Goal of the exercise: Leave the pictures out and return every line below exactly.

Collected data:

☆ ☆ ☆ ☆ ☆ ☆ ☆

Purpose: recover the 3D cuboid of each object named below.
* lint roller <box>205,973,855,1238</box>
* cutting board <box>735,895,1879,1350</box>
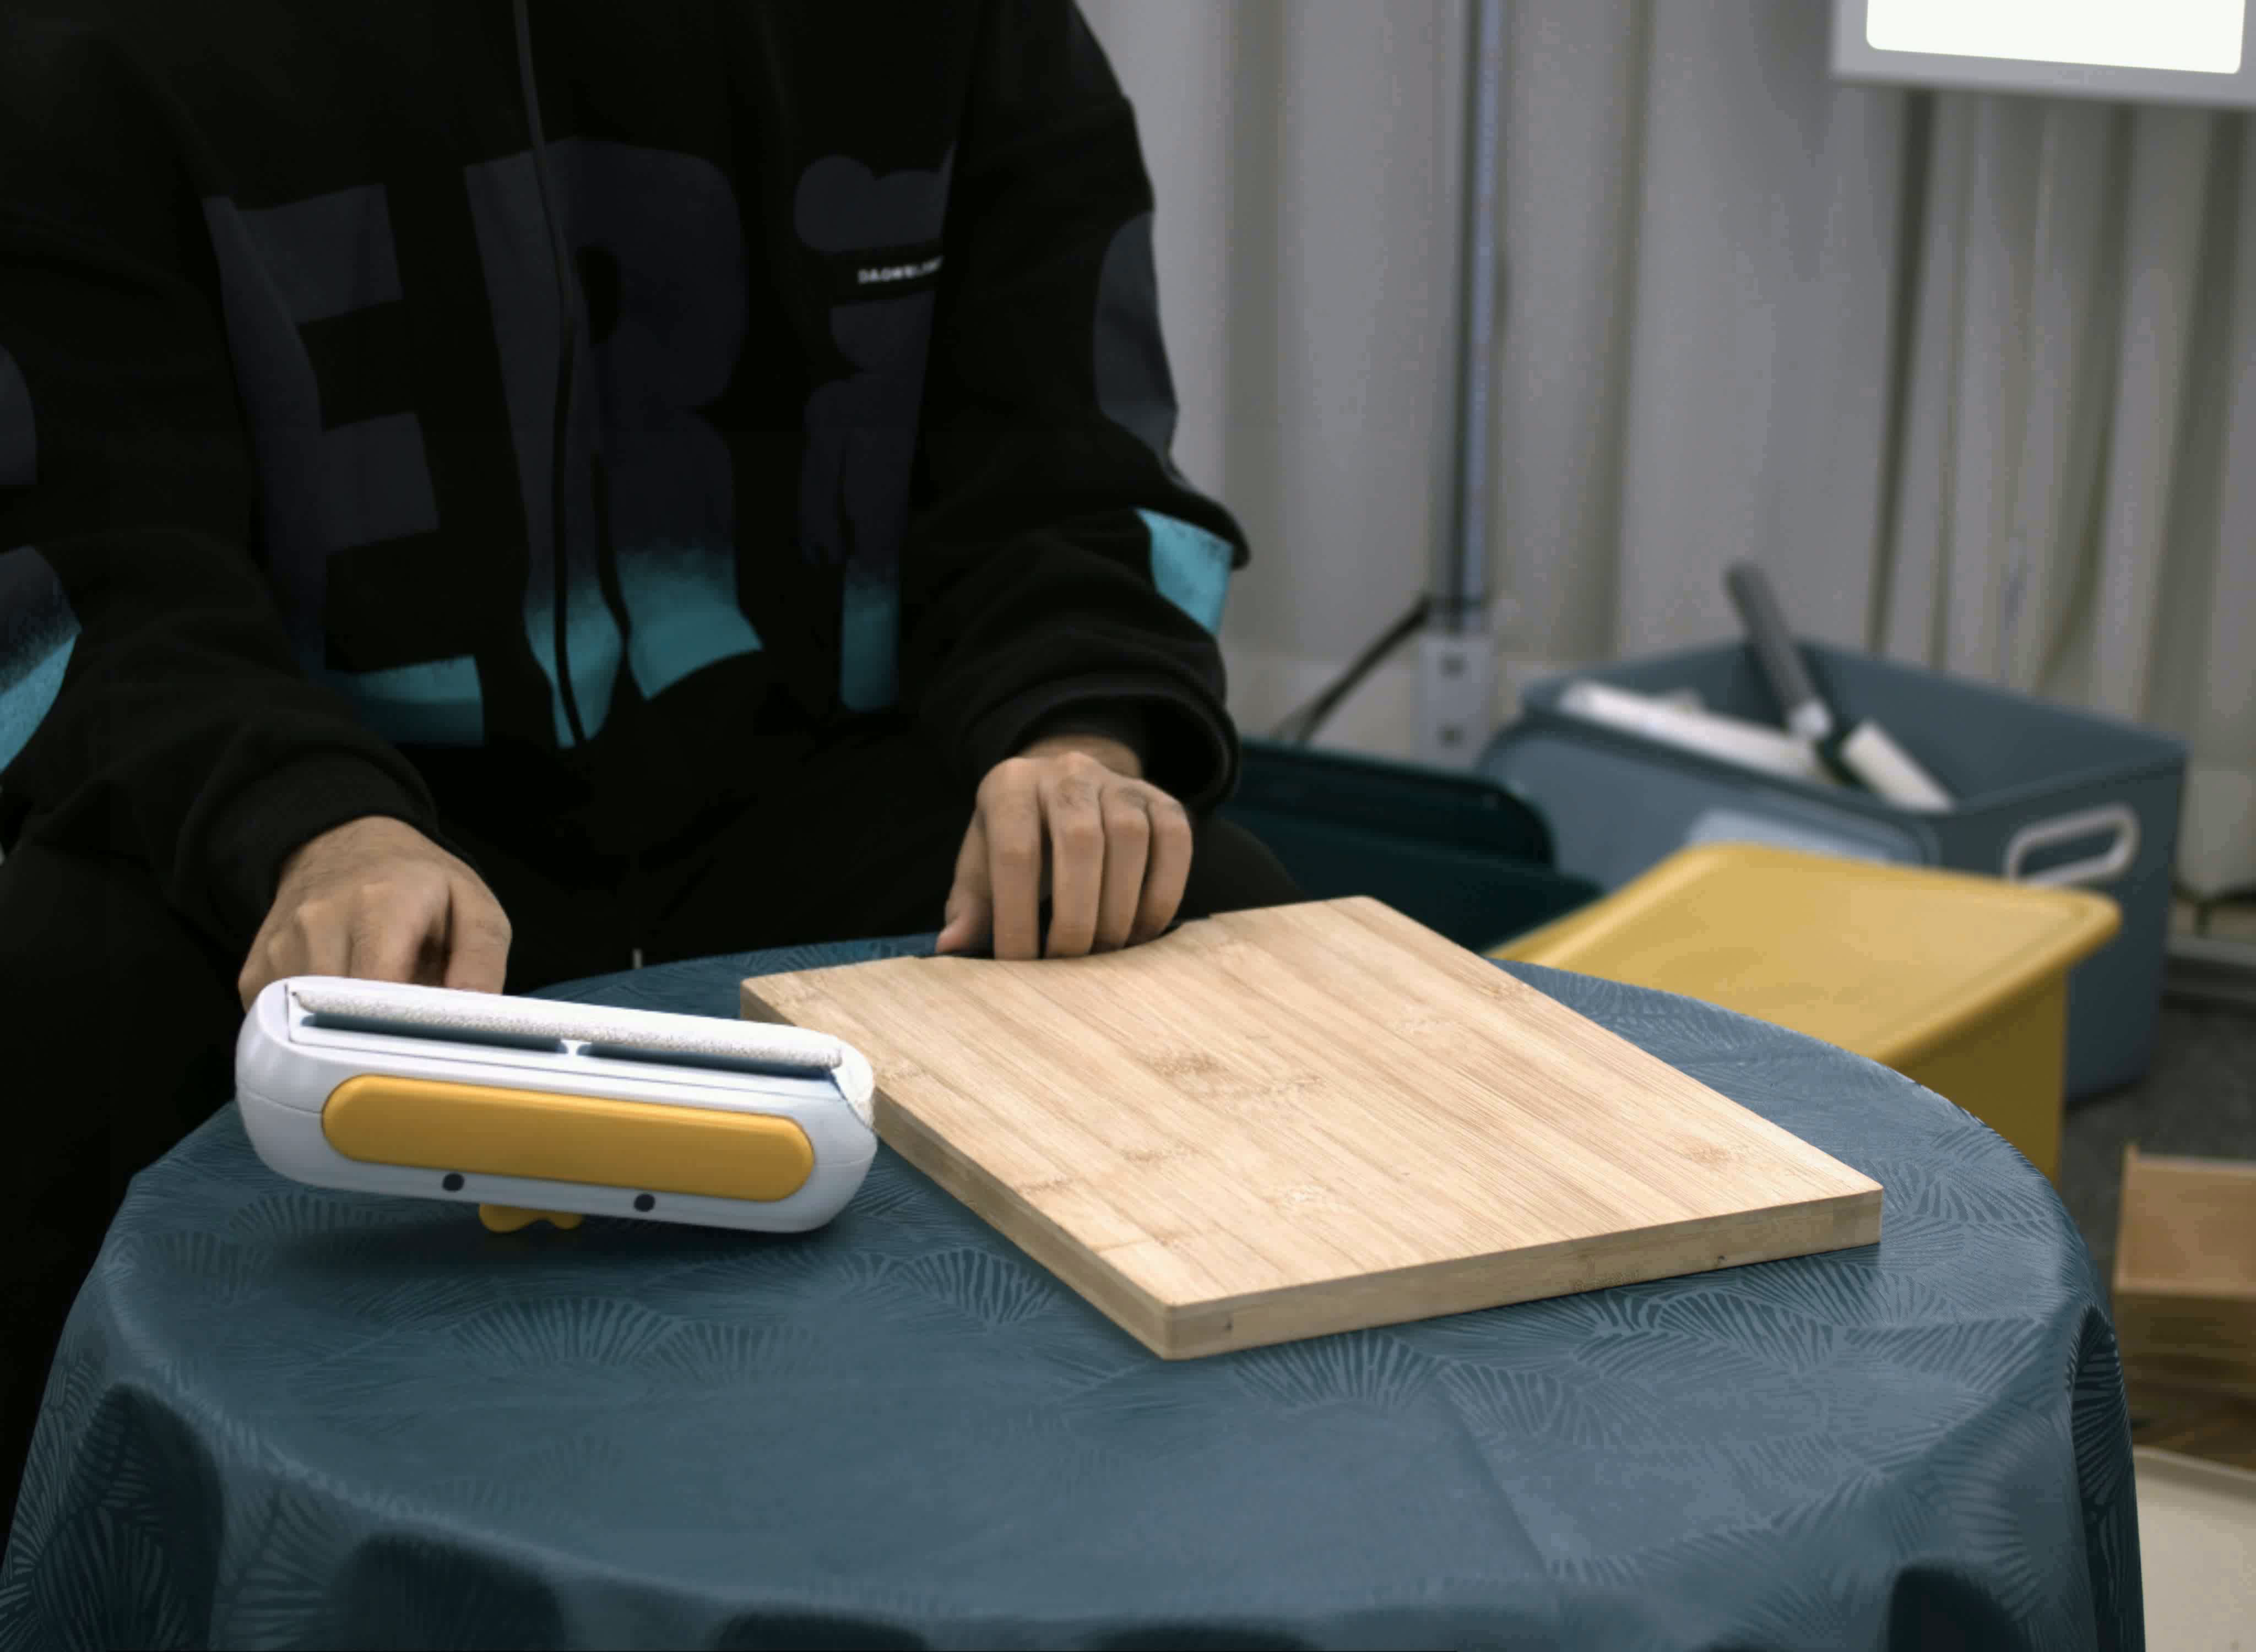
[{"bbox_3d":[-0.185,0.075,1.621,0.193,0.075,0.191,3,13,-9],"label":"lint roller"},{"bbox_3d":[0.046,0.088,1.680,0.251,0.024,0.344,-7,17,-25],"label":"cutting board"}]

☆ ☆ ☆ ☆ ☆ ☆ ☆

Result for this task:
Purpose: recover the 3D cuboid of each object named below.
* lint roller <box>205,973,855,1238</box>
* cutting board <box>735,895,1879,1350</box>
[{"bbox_3d":[-0.185,0.075,1.621,0.193,0.075,0.191,3,13,-9],"label":"lint roller"},{"bbox_3d":[0.046,0.088,1.680,0.251,0.024,0.344,-7,17,-25],"label":"cutting board"}]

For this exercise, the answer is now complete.